Sono ricoverate in R.S.A. o in case di riposo 290mila persone anziane (Istat 2018) in gran parte non autosufficienti.

Sia il modello domiciliare del “badantato” che quello custodialista delle R.S.A. hanno dimostrato tutti i loro limiti, anche per gli oneri pesantissimi a carico delle persone ospitate e dei loro familiari.

L’emergenza Covid 19 ha svelato che ancora una volta sono state le persone rinchiuse nelle istituzioni locali a pagare il prezzo più alto.

Questo non può essere annoverato come un tragico incidente, ma mette in luce valori fondamentali che attengono alla dignità umana in tutte le fasi della vita.

Seguendo una schematica traccia occorre lavorare su:

  • Un sistema di sostegno alla vita autonoma ed alle soluzioni di assistenza domiciliare
  • Azione di promozione della salute attraverso strumenti socio economici che concorrono al benessere della persona, e prevenzione.
  • Riorganizzazione e revisione degli standard del sistema delle strutture residenziali attraverso anche un intervento pubblico.

E’ chiaro che per far tutto ciò occorrano finanziamenti importanti, ed in questo caso decisivi saranno i fondi europei del MES.

Le prossime elezioni regionali possono rappresentare un’occasione per associare al lavoro in corso sui piani regionali il potenziamento dell’assistenza socio-sanitaria territoriale alcuni interventi che appaiono determinanti alla luca dell’emergenza sanitaria in corso:  

  1. Incremento della medicina territoriale e delle strutture di prossimità smantellate negli ultimi decenni
  2. Garantire un ruolo più attivo ai medici di famiglia che devono rappresentare un fondamentale strumento della sanità pubblica, assumendo il ruolo fondamentale di presidio territoriale dell’assistenza.
  3. Potenziamento delle reti di assistenza socio sanitaria territoriale
  4. Interventi sui pronto soccorso e la liste di attesa. In particolare le difficoltà scaturite da quest’ultimo aspetto stanno assumendo proporzioni non più sostenibili. Di fronte ad un problema di questo tipo, che investe tutti i cittadini, è necessario ragionare in modo serio e convinto sull’organizzazione attuale del servizio, e sulle criticità strutturali che determinano l’attuale situazione che ormai rappresenta un vero e proprio problema generale.
  5. Garantire la partecipazione dei cittadini e delle Associazioni attraverso comitati di partecipazione, indirizzo e vigilanza al fine di migliorare il sistema nel suo complesso attraverso un concreto coinvolgimento di tutte la parti interessate ed in grado di fornire un significativo e costruttivo contributo.

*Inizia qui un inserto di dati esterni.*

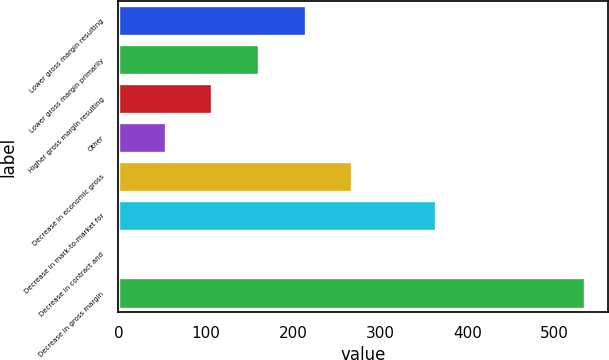<chart> <loc_0><loc_0><loc_500><loc_500><bar_chart><fcel>Lower gross margin resulting<fcel>Lower gross margin primarily<fcel>Higher gross margin resulting<fcel>Other<fcel>Decrease in economic gross<fcel>Decrease in mark-to-market for<fcel>Decrease in contract and<fcel>Decrease in gross margin<nl><fcel>214.6<fcel>161.2<fcel>107.8<fcel>54.4<fcel>268<fcel>364<fcel>1<fcel>535<nl></chart>

Più in generale formulare indirizzi per la ricomposizione delle prestazioni socio sanitarie (fermo restando i distinti finanziamenti).

Conclusioni.   

La riorganizzazione dell’assistenza socio sanitaria territoriale deve essere accompagnata da specifici progetti e strumenti nazionali e regionali riferiti al potenziamento dei servizi socio sanitari ad alta integrazione, oltre a quelli riferiti alla non autosufficienza per l’assistenza a distanza.

Occorre in conclusione rivedere e migliorare, anche nelle realtà più virtuose, l’assistenza socio sanitaria in tutti i suoi aspetti, attraverso strumenti nazionali e regionali per garantire servizi e prestazioni in linea con le effettive esigenze, di tutte le fasce della popolazione.